DATA EXCERPTS Block Start

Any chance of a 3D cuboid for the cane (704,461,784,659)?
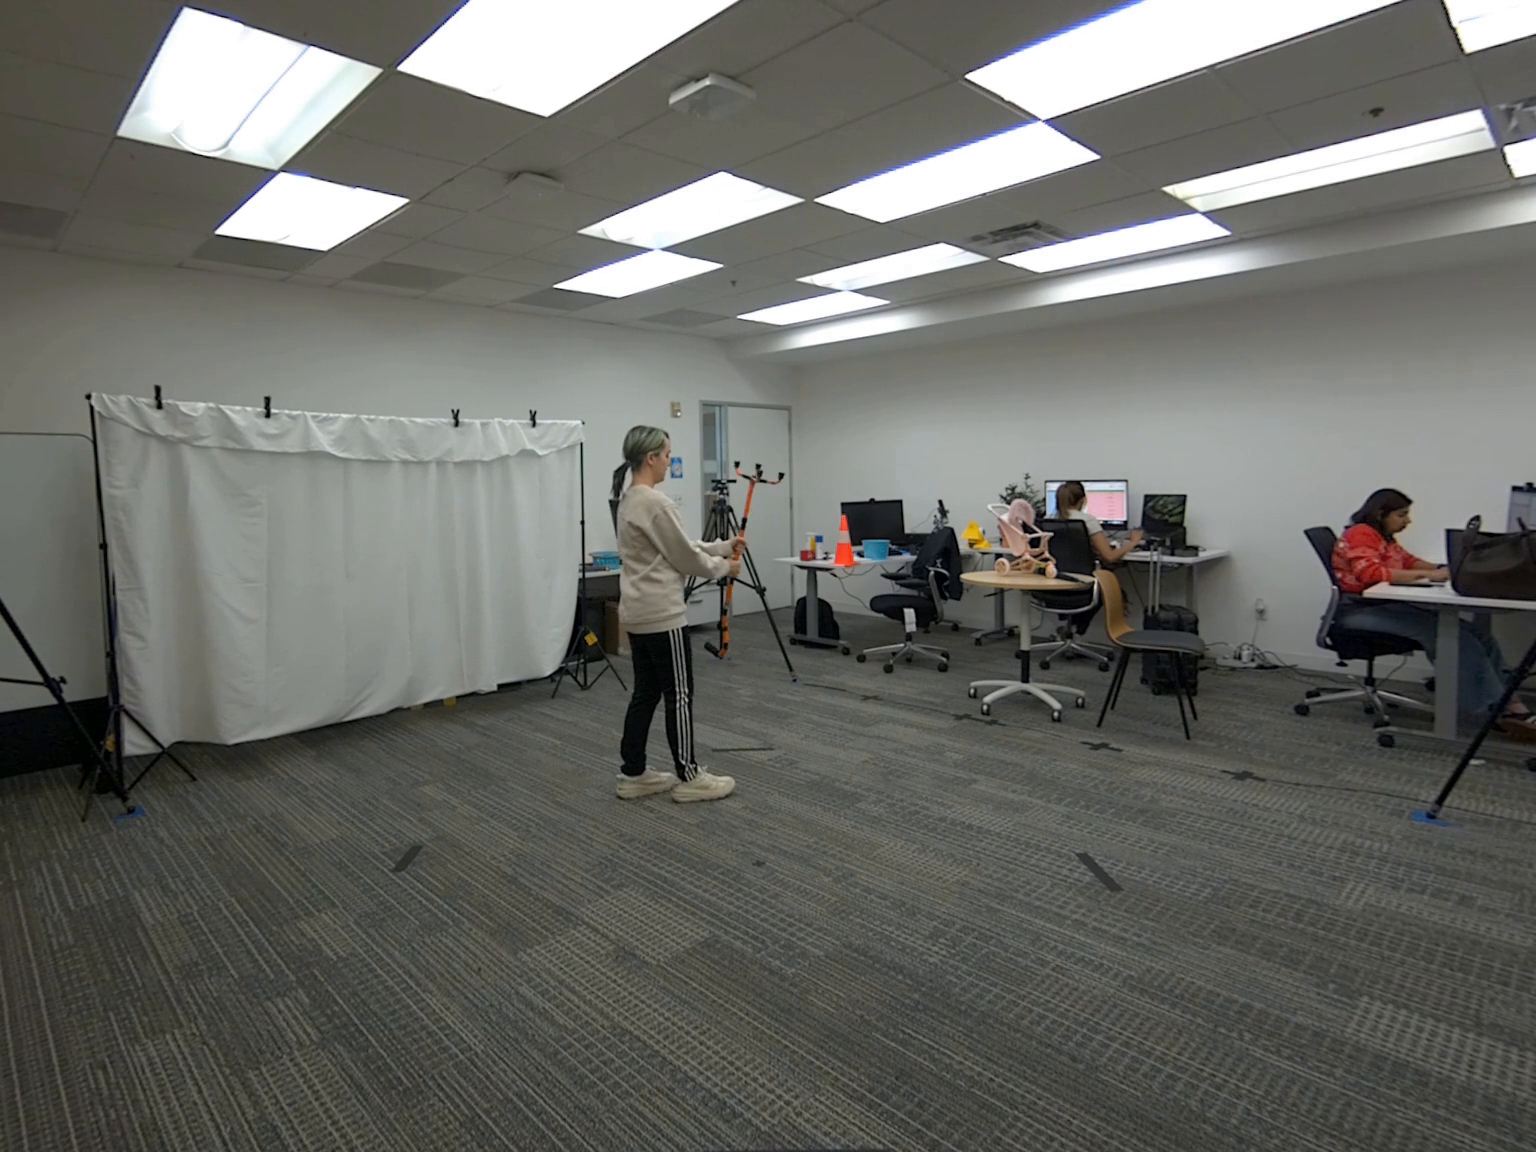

DATA EXCERPTS Block End
DATA EXCERPTS Block Start

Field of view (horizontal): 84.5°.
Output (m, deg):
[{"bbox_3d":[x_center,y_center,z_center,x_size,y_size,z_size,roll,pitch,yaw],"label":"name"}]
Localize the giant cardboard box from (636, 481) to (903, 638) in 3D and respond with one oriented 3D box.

DATA EXCERPTS Block End

→ EXERCISE BRIEF: Among the records above, repeat exactly the line with "Field of view (horizontal): 84.5°.", the line with "Localize the giant", and every line in between, and only those.

→ YOUR RESPONSE:
Field of view (horizontal): 84.5°.
Output (m, deg):
[{"bbox_3d":[x_center,y_center,z_center,x_size,y_size,z_size,roll,pitch,yaw],"label":"name"}]
Localize the giant cardboard box from (636, 481) to (903, 638) in 3D and respond with one oriented 3D box.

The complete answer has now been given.